Children Are Bored on Sunday is a collection of short fiction by Jean Stafford published in 1953 by Harcourt, Brace & Co.

==Stories==
- "The Echo and the Nemesis" (The New Yorker, December 16, 1950, as "The Nemesis")
- "A Country Love Story" (The New Yorker, May 6, 1950)
- "A Summer Day" (The New Yorker, September 4, 1948)
- "The Maiden" (The New Yorker, April 29, 1950)
- "The Home Front" (Partisan Review, Spring 1945)
- "Between the Porch and the Altar" (Harper's Magazine, June 1945)
- "The Bleeding Heart" (Partisan Review, September 1948)
- "The Interior Castle" (Partisan Review, November–December 1946)
- "A Modest Proposal" (The New Yorker, July 23, 1949, as "Pax Vobiscum")
- "Children Are Bored on Sunday" (The New Yorker, February 14, 1948)

==Reception==
Reviewer William Peden in the New York Times praised the collection as a welcome addition to her three novels, terming the stories "meaningful and complex."

Literary critic Ihab Hassan in Western Review places the best stories in the volume within the tradition of James Joyce and Anton Chekov:

The intimate glimpse unresolved, the moment of sudden knowledge, the reversal of a situation, the symbolic crisis, the humour of innocence and perversity, find each some deft application in Jean Stafford's stories."

==Retrospective appraisal==
Stafford's novels and short stories "collectively merit her a place among the finest fiction writers of her generation."

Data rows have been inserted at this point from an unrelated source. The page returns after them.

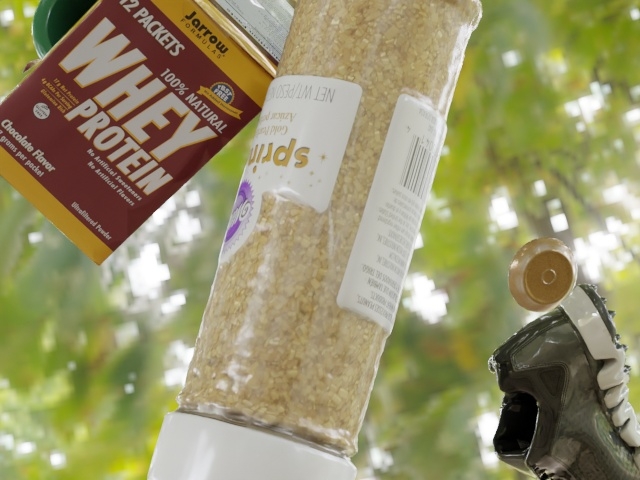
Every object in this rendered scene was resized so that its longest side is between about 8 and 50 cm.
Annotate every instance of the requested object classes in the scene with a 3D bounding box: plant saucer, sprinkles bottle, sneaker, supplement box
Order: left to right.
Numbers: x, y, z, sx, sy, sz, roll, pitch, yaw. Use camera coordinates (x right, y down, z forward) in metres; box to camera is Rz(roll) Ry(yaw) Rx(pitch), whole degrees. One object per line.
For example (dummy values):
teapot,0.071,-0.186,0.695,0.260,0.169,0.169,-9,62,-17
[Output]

Writing in Shenandoah, critic Jerome Mazzaro in comparing Stafford's work to Marcel Proust's, singles out "A Country Love Story" as a "classic statement" of her thematic concerns.

==Sources==
- Hassan, Ihab. "Jean Stafford: The Expense of Style and the Scope of Sensibility," Western Review 19, Spring 1955 pp. 185–203 in Jean Stafford: A Study of the Short Fiction. 1996. Twayne's Publishing, New York. pp. 109–114.
- Mazzaro, Jerome. "Rememberances of Things Proust" (a review of Jean Stafford's Bad Characters), Shenandoah 16, Summer 1965. pp. 114–117. Washington and Lee University Review.
- Peden, William. "A Bleak, Sad World; CHILDREN ARE BORED ON SUNDAY." New York Times, May 10, 1953. https://www.nytimes.com/1953/05/10/archives/a-bleak-sad-world-children-are-bored-on-sunday-by-jean-stafford-252.html Accessed 12 February 2026.
- Stafford, Jean. 1953. The Children Are Bored on Sunday. Harcourt, Brace & Co, New York.
- Stafford, Jean. 1984. The Collected Stories of Jean Stafford. E. P. Dutton, New York.
- Wilson, Mary Ann. 1996. Jean Stafford: A Study of the Short Fiction. Twayne's Publishing. Simon & Schuster, New York.